Он отвел ее руку, встал. Через пять минут нужно было высылать на границу очередной наряд.
— Ты обязательно ложись, — сказал он ей. — Так ведь можно известись.
В дверь постучал дежурный.
— Иду! — отозвался капитан.
Он проинструктировал наряд и решил дождаться возвращения с границы майора Серебренникова. Ложиться уже не было времени. Освещенная слабым светом, длинная узкая комната показалась чужой и не уютной.
«А ведь еще недавно мне здесь нравилось», — подумал Ярцев.
Майор вошел недовольный.
— Что случилось? — спросил начальник заставы.
— Сон на границе.
«Опять ЧП!» — расстроился капитан и неожиданно для себя произнес резко:
— Конечно, у нашего брата, простых смертных, обязательно что-нибудь случится.
— Вы устали, капитан, — миролюбиво заметил Серебренников, — потому и говорите не то, что думаете.
— А если мне надоела застава?
Серебренников улыбнулся:
— Что касается ЧП, давайте поделим ответственность. Это я предложил перевести Бородулю к вам на заставу.

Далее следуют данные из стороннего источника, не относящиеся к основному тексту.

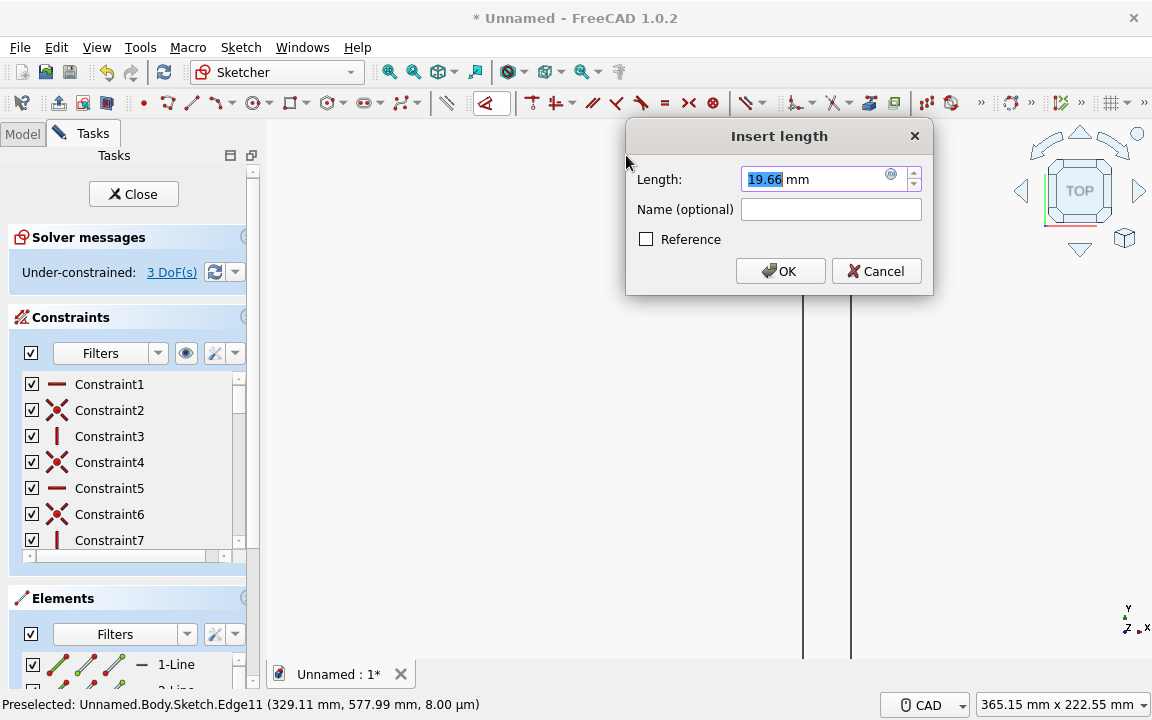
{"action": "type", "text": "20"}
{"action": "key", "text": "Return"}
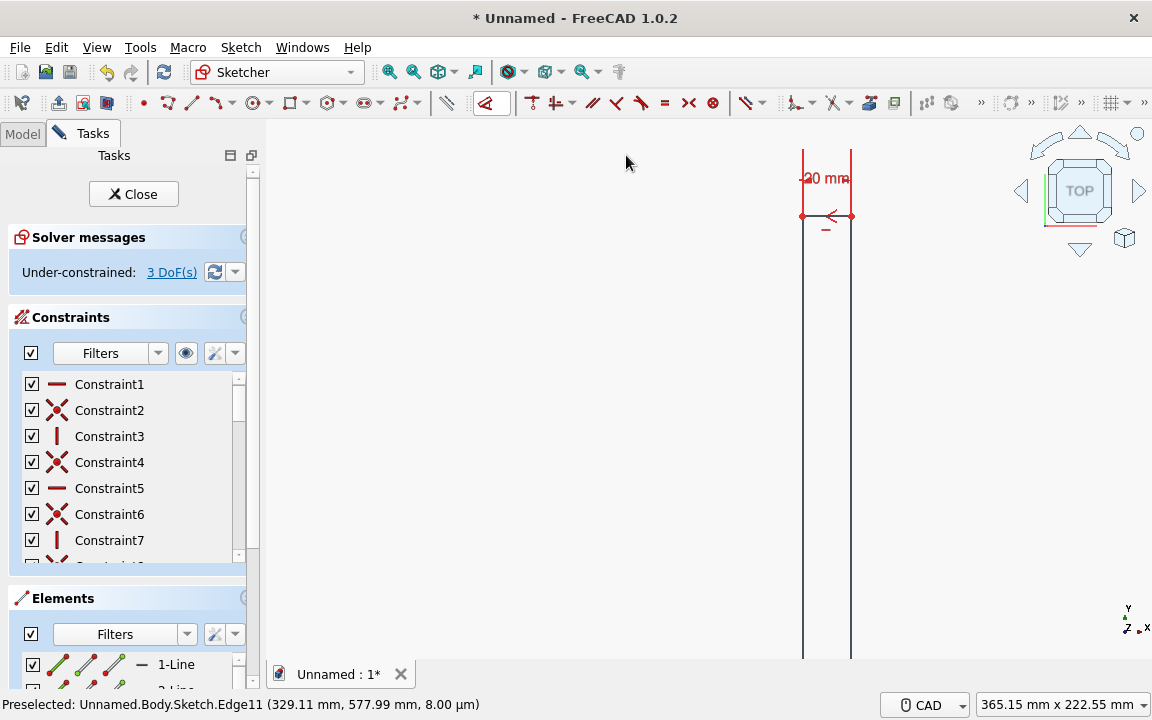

— Так ведь разве я боюсь ответственности? — даже удивился Ярцев. — Просто все не так.
— Но вы рождены для заставы, — убежденно сказал Серебренников. Он хорошо знал, что застава — самое важное звено в пограничной службе. Потому и не разделял мнения тех, кто хотел перевести Ярцева на штабную работу.
Остаток ночи Серебренников решил провести на крыше. В казарме душно — не уснешь. Только теперь он почувствовал усталость.
Серебренников лежал на спине. Прямо над ним в полосе Млечного Пути ярким четырехугольником повисло созвездие Лебедя. Он чуть повернул голову и увидел на юго-востоке другой четырехугольник — созвездие Кита. На южной границе оно яркое, а на Урале, где прошло его детство, почти незаметно. Зато там в пол-неба шагает Большая Медведица, а здесь, прижатая к горизонту, подернулась мглою.
Неожиданно нахлынули воспоминания. Октябрь сорок первого года. Свердловск. Леденящая ночь. Тусклые огни семафоров. Попыхивающие «буржуйками» пульманы. А рядом женщина — родная, близкая — его жена, с закутанным в одеяльце Юриком.